Wednesday, 5 August 2020
PRESS RELEASE BY NIREC 4/8/2020
Saturday, 1 August 2020
NIGERIA IN NEED OF NATIONAL RECONCILIATION
NIGERIA: IN NEED OF NATIONAL RECONCILIATION
Anaweokhai O. Valentine
Most of the problems we face today as a nation are the effects of the sins that cry to God for vengeance such as willful murder or homicide (Genesis 4:8-12), Sodomy (Genesis 18:20-33), Oppression of widows and orphans (Exodus 22 :21) and cheating laborers of their due (Deuteronomy 24 :14-15). Homicide here includes the mindless killings and loss of innocent lives taking place daily in the country as a result of armed banditry, insurgency, terrorism, abductions, ritual killings, electoral violence, anti-cult rivalries and brutality. Oppression of widows and orphans includes laws, policies, initiatives and efforts aimed at silencing, subjugating and suppressing the poor, weak, helpless, homeless, nobodies, old, vulnerable, uneducated, minorities and uninformed. All these are efforts to take undue advantage of other’s naivety and vulnerability.
Cheating laborers of their due include intentional and deliberate refusal to pay workers of their wages, salaries, pensions, gratuities and emoluments as at when due. It entails unnecessary delaying and withholding of monies and allocated funds meant for the people and diverting them for selfish ends. All these, we experience every now and then. Through acts like this, the soul of our great country is being sapped. The body of the nation is being disemboweled. The future of the country looks uncertain. People are daily denied of their basic means and sources of survival. For me, this is a new form of genocide, holocaust, massacre, extermination, and cleansing of a people’s sense of humanity, sanity and dignity). Just restructuring may not redeem and salvage the present situation. We need to embark on a long, transformative, onerous and national journey and program of reconciliation, reparation and restitution.
When the dignity, freedom, value and rights of the average Nigerian seem to have been stolen and mortgaged by those who were supposed to protect and preserve them, one can understand why in the midst of all the problems on ground today, it appears that no one is doing anything about it or worse still, that any good thing can come out of the country any longer. It is bad enough that deplorable situations are now turned into comic relief and we laugh over them. The common slogan nowadays is ‘God help us’, ‘It is well’. There are people who are more or less suffering from what could be called Post-Traumatic Stress Disorder (PTSD). How can we move on from here? What do we do? We need to turn to God who reconciled us to himself through Christ, and has given us the ministry of reconciliation. In Christ, God was reconciling the world to himself, not counting their trespasses against them, and entrusting the message of reconciliation to us (2 Corinthians 5:18-19).
In all of these, it is very evident that religious leaders have a great role to play in bringing aboutreconciliation, reparation and restitution. The religious leaders of the various blocs within the Christian and Muslim communities must join hands with the traditional leaders and civil authorities to seek ways of implementing and executing them, according to their peculiar religious, civil and traditional customs and practices. They need to be well planned out, over a period of time. They should form part of religious and moral education, instructions, homilies, sermons, rituals and catechesis at places of worship and learning.

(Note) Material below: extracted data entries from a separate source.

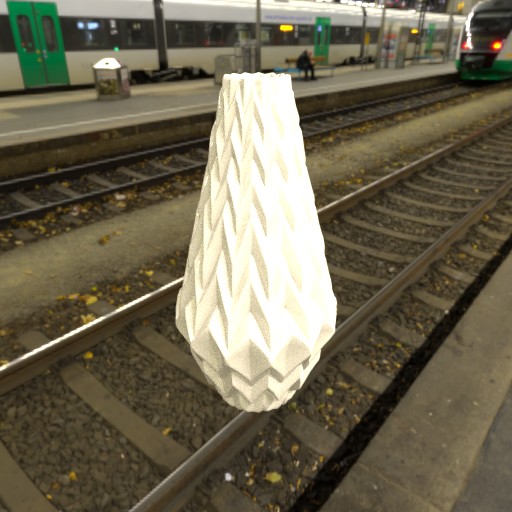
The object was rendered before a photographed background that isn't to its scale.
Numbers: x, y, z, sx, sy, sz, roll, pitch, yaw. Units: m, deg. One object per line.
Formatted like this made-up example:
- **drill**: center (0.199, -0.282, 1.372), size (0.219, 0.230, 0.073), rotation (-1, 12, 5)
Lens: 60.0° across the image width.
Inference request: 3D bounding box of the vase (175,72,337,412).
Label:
- **vase**: center (0.000, 0.000, 0.433), size (0.167, 0.328, 0.167), rotation (0, 26, 0)

However, on her own part, the government must intensify efforts to promote religious, moral, values and civic education in schools at all levels. We are all in this together. No one is exempted. Everyone has a significant role to play along the way. Almost every Nigerian fits into the Christian, Muslim and traditional umbrella. To build a nation, you must enthrone virtuous people into leadership positions. People who have the fear of God, grown in virtues and strength of character. You must allow people who have the requisite skills and knowledge to occupy leadership positions. These values, virtues and characters can be acquired and gained from such a spiritual exercise and program of reconciliation, reparation and restitution.
I trust these solutions because they aren’t so much dependent on the skills, knowledge, competence and works of human beings but rather on the power and wisdom of the Holy Spirit. They are effective by the grace and power of God through the Holy Spirit. As we play our specific roles, we must allow God to do His own work. Based on this, I look forward to a time when people would become highly mindful of stealing and dipping their hands into public funds to satisfy their selfish wants rather than public interest.
When people who have stolen and embezzled through corrupt practices in the past, would return this ill-gotten wealth not because of the sledge hammer of EFCC or ICPC, but because they, on their own, have accused themselves, by themselves, and felt the need to make refunds and restitution, then there will be hope. When people would be attracted to public offices and elective positions for genuine purposes of service and development and not out of greed or self-aggrandizement, then we have arrived. Until we are truly reconciled to form an authentic whole, then, there can be no united country. The unity we claim, will only be delusive and illusive. Until we make due reparation, then our indivisibility is fallacious. And until we make the necessary restitutions, our oneness is questionable. Until then, the journey is yet to begin and truly, like Prof Jega said, what tactic is there left to try?